▶ **WHAT IS EXPECTED**: Return the records from the first line through the line containing "Answer: enable two-factor", and leave out the pictures.
──────── INPUT DATA ────────
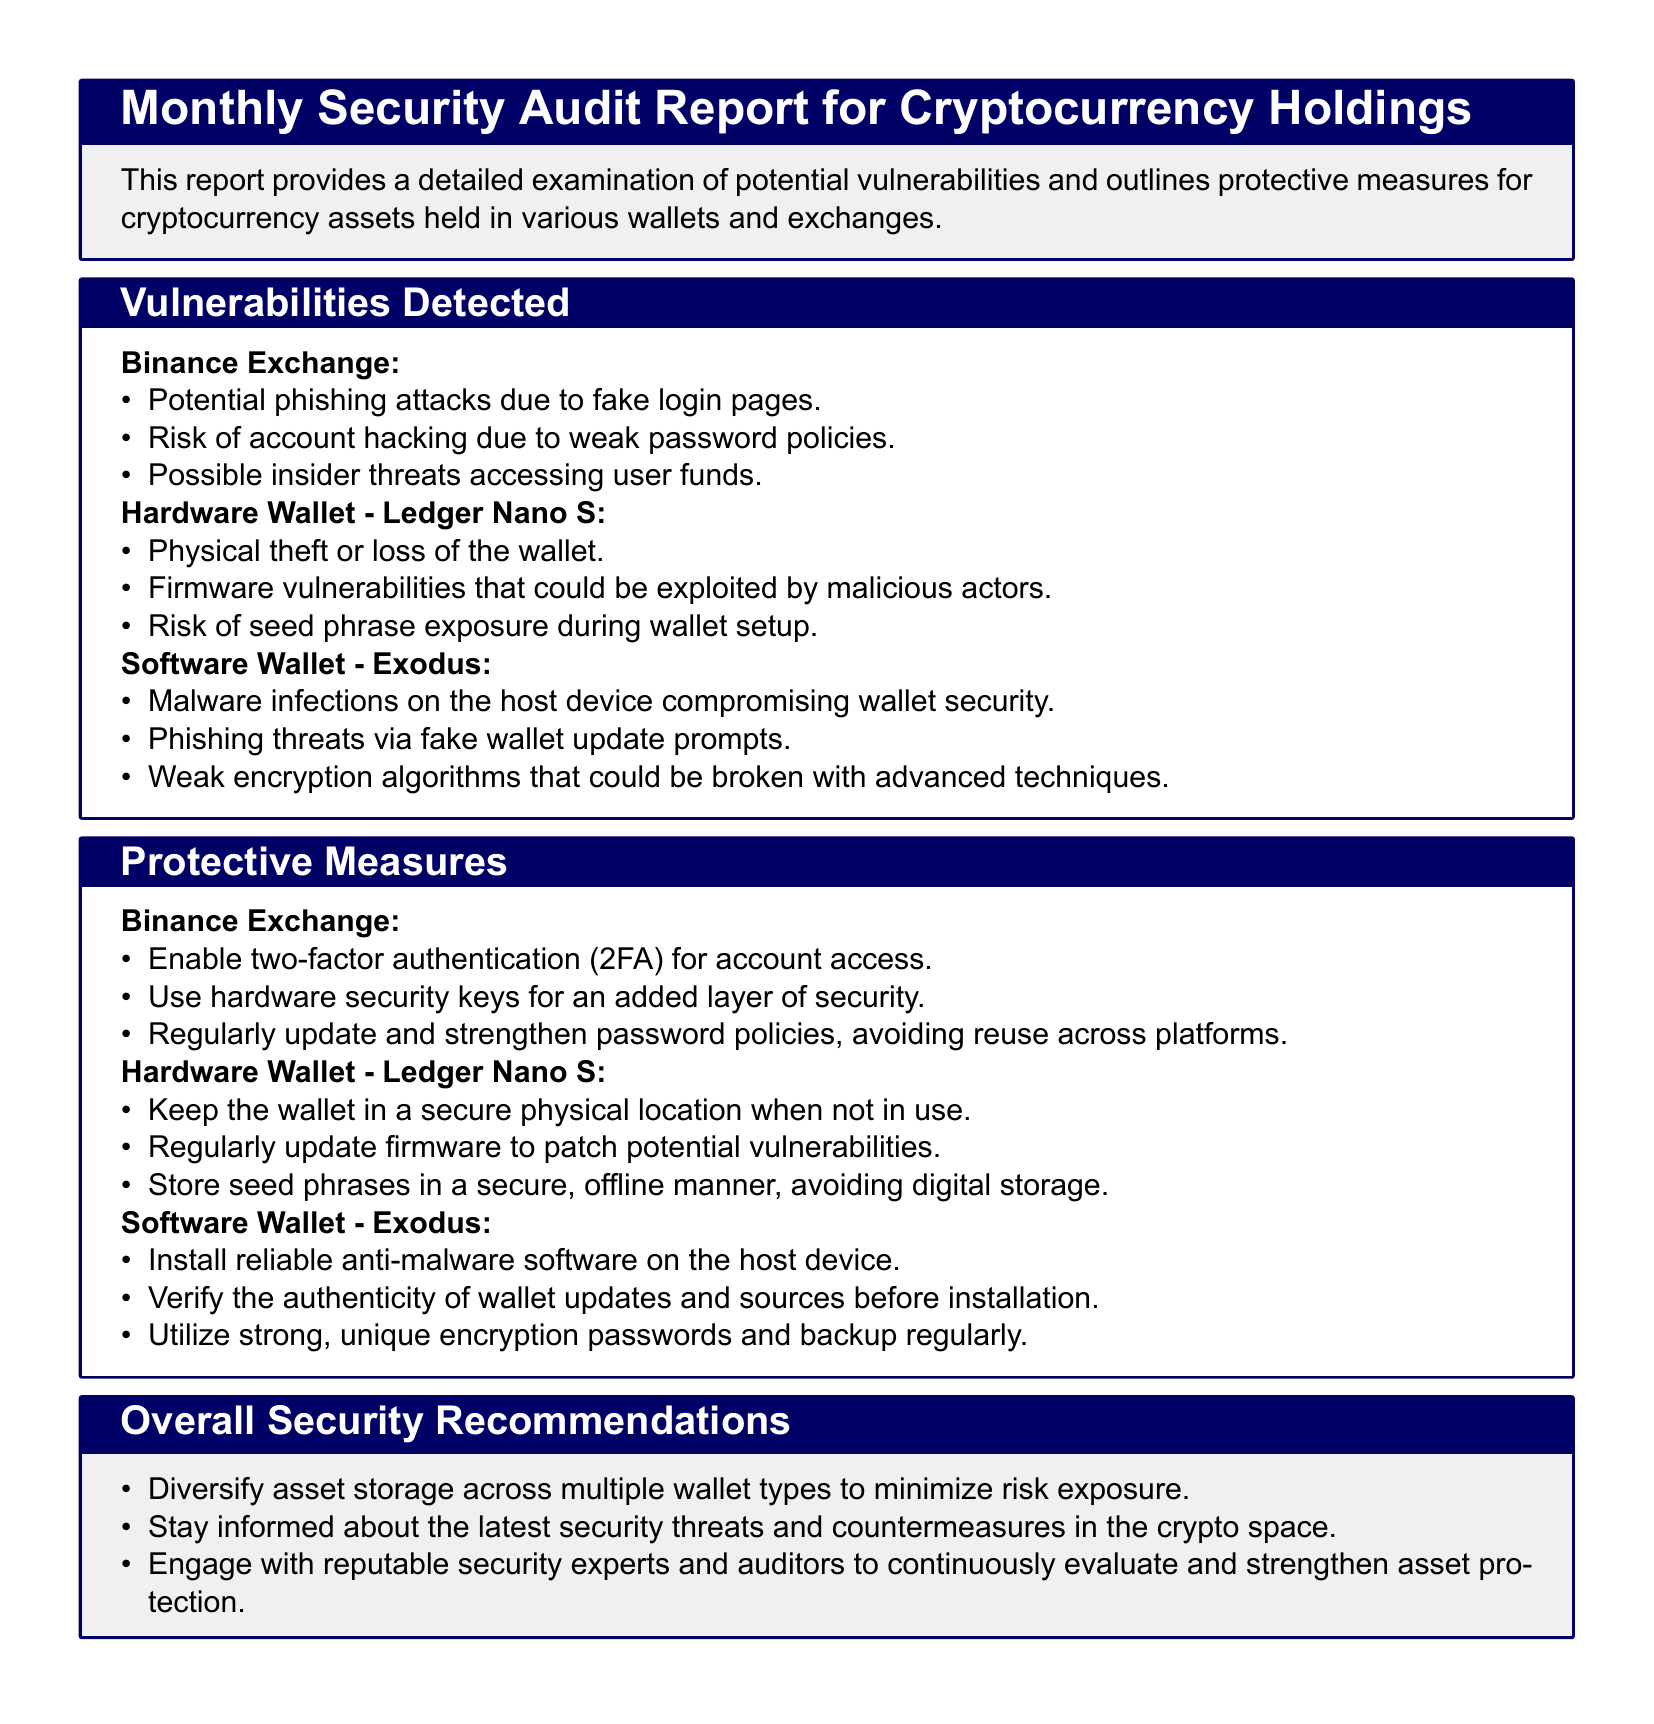what is the first vulnerability detected in Binance Exchange? The first vulnerability listed for Binance Exchange in the document is the potential for phishing attacks due to fake login pages.
Answer: potential phishing attacks due to fake login pages how many risks are identified for the Hardware Wallet - Ledger Nano S? The risks identified for the Ledger Nano S are three, as detailed in the document.
Answer: three what protective measure is recommended for Binance Exchange? The document recommends enabling two-factor authentication for account access as a protective measure for Binance Exchange.
Answer: enable two-factor authentication (2FA) for account access what is the risk associated with the software wallet Exodus? One of the risks associated with the Exodus wallet is malware infections on the host device compromising wallet security.
Answer: malware infections on the host device compromising wallet security what action is suggested regarding seed phrases for the Ledger Nano S? The document suggests storing seed phrases in a secure, offline manner, avoiding digital storage.
Answer: store seed phrases in a secure, offline manner how many overall security recommendations are listed in the report? The report lists three overall security recommendations for asset protection.
Answer: three what should users do to verify wallet updates for the Exodus wallet? Users should verify the authenticity of wallet updates and sources before installation, according to the document.
Answer: verify the authenticity of wallet updates and sources which wallet is identified as a hardware wallet in the document? The Ledger Nano S is identified as the hardware wallet in the document.
Answer: Ledger Nano S
────────
▶ **ANSWER BOX**:
what is the first vulnerability detected in Binance Exchange? The first vulnerability listed for Binance Exchange in the document is the potential for phishing attacks due to fake login pages.
Answer: potential phishing attacks due to fake login pages how many risks are identified for the Hardware Wallet - Ledger Nano S? The risks identified for the Ledger Nano S are three, as detailed in the document.
Answer: three what protective measure is recommended for Binance Exchange? The document recommends enabling two-factor authentication for account access as a protective measure for Binance Exchange.
Answer: enable two-factor authentication (2FA) for account access what is the risk associated with the software wallet Exodus? One of the risks associated with the Exodus wallet is malware infections on the host device compromising wallet security.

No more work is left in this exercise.